Ford Selling New Explorers Without Rear Seat Climate Controls

The global microchip shortage doesn’t show any signs of easing up. It’s affecting numerous industries, but the automotive realm is arguably the arena where the shortage is most visible. Empty dealership lots certainly garner attention, and it’s forcing some brands to build vehicles without some notable features. The Ford Explorer is the latest victim of such strategic planning.

For the foreseeable future, Ford’s popular SUV will remove climate controls for rear-seat passengers. A general announcement regarding non-safety features came during the recent National Auto Dealers Association (NADA) meeting, according to Automotive News. In short, Ford is reportedly looking at features that can be omitted during production but installed later, once more microchips are available. That would allow dealers to stock and sell vehicles, albeit with some reduced functionality.
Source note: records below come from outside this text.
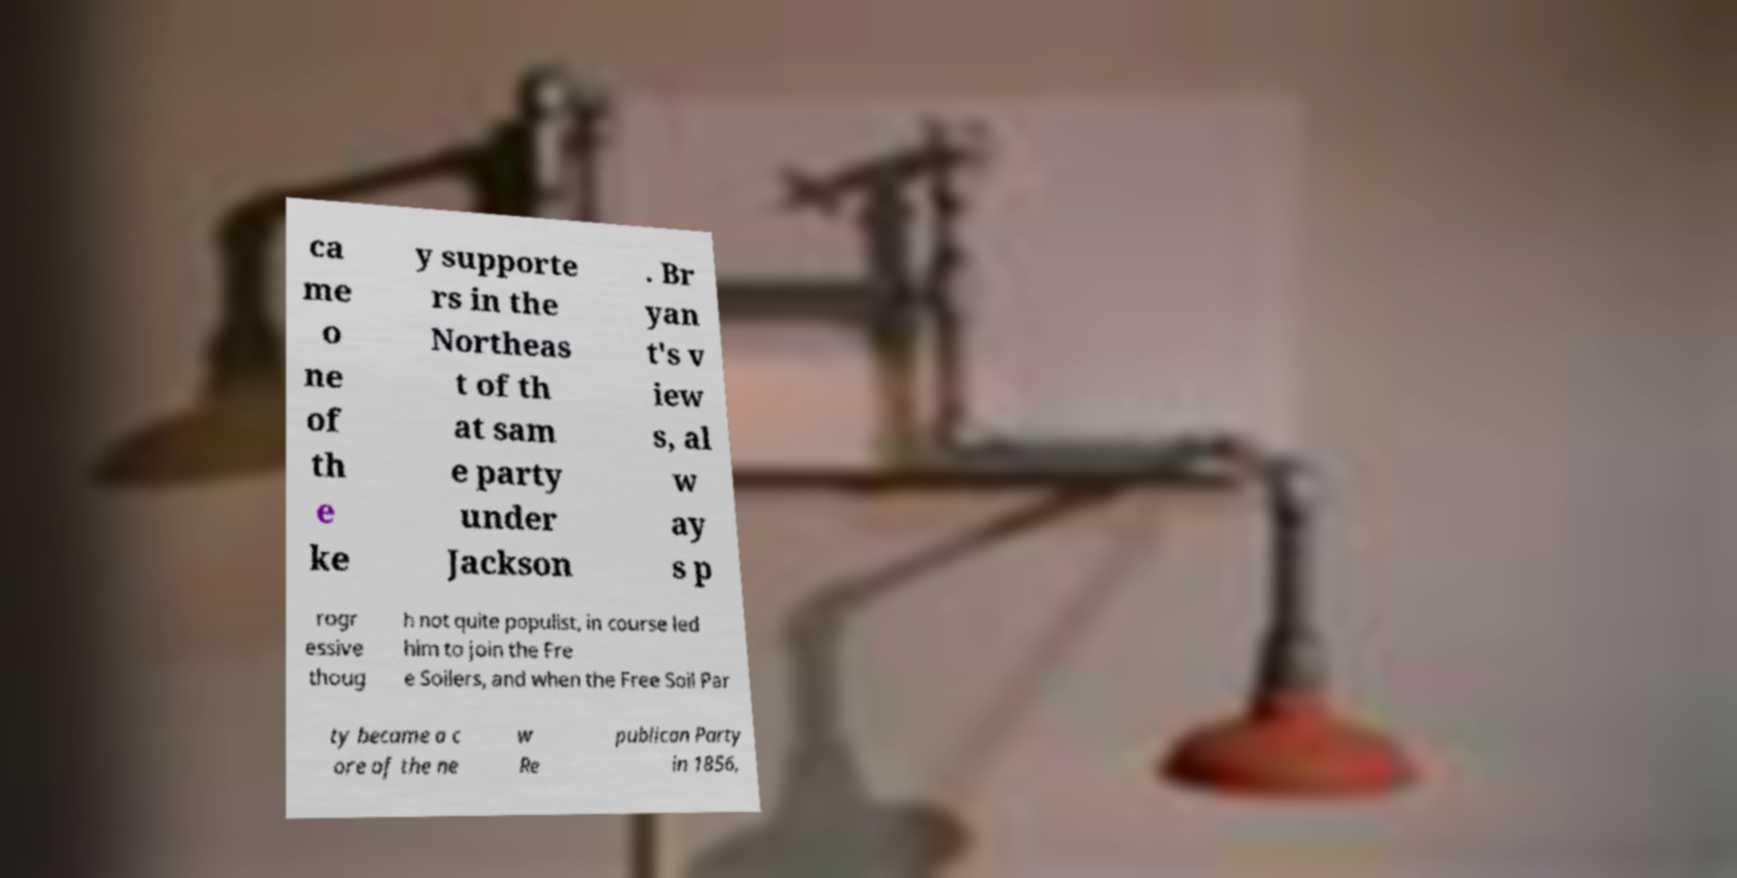For documentation purposes, I need the text within this image transcribed. Could you provide that? ca me o ne of th e ke y supporte rs in the Northeas t of th at sam e party under Jackson . Br yan t's v iew s, al w ay s p rogr essive thoug h not quite populist, in course led him to join the Fre e Soilers, and when the Free Soil Par ty became a c ore of the ne w Re publican Party in 1856, 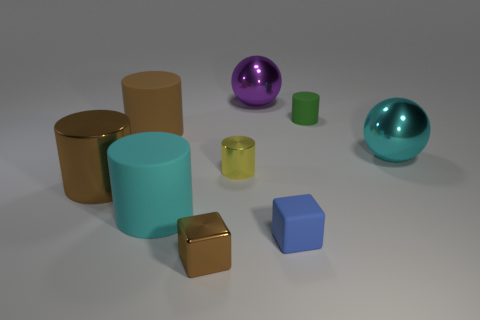Do the big brown cylinder behind the big brown metal object and the tiny yellow cylinder right of the brown block have the same material?
Your answer should be very brief. No. The metal cube has what color?
Provide a short and direct response. Brown. How many cyan rubber things are the same shape as the big brown matte object?
Provide a succinct answer. 1. What color is the shiny sphere that is the same size as the cyan metallic object?
Make the answer very short. Purple. Are any green metallic objects visible?
Your answer should be compact. No. What is the shape of the large cyan object that is to the right of the small brown thing?
Give a very brief answer. Sphere. How many things are in front of the small green rubber cylinder and on the right side of the small blue object?
Keep it short and to the point. 1. Is there a purple sphere made of the same material as the brown cube?
Your response must be concise. Yes. The rubber object that is the same color as the small shiny block is what size?
Your answer should be compact. Large. How many balls are either large brown things or small metallic objects?
Your response must be concise. 0.

A Ford spokesperson later confirmed to Automotive News that rear-seat climate control functionality in the Ford Explorer was a specific feature being temporarily removed. Within a year, Ford plans to have the controls available for installation. The report also states anyone buying an Explorer with the feature removed would receive a discount on the price. Once the parts are available, installation will be offered free of charge. In the meantime, climate adjustments for rear-seat passengers can be made from the main controls in the front.

This certainly isn’t the first instance of an automaker taking such steps to keep dealers stocked with new vehicles. General Motors removed numerous features from a wide range of models, including park assist on Cadillacs and heated seats in Chevrolet and GMC vehicles. Jeep cut the Quadra-Lift suspension from the Grand Cherokee, BMW removed some touchscreen functionality, and Genesis took a more drastic step by removing some safety tech.

The alternative is simply not building vehicles at all, and virtually every manufacturer continues to face that contingency. Beyond chips, the war in Ukraine has added new strain to the supply chain as many German companies source wire harnesses from suppliers in the affected region. BMW and Porsche have temporary shutdowns in place, and it’s unclear how long the situation could last.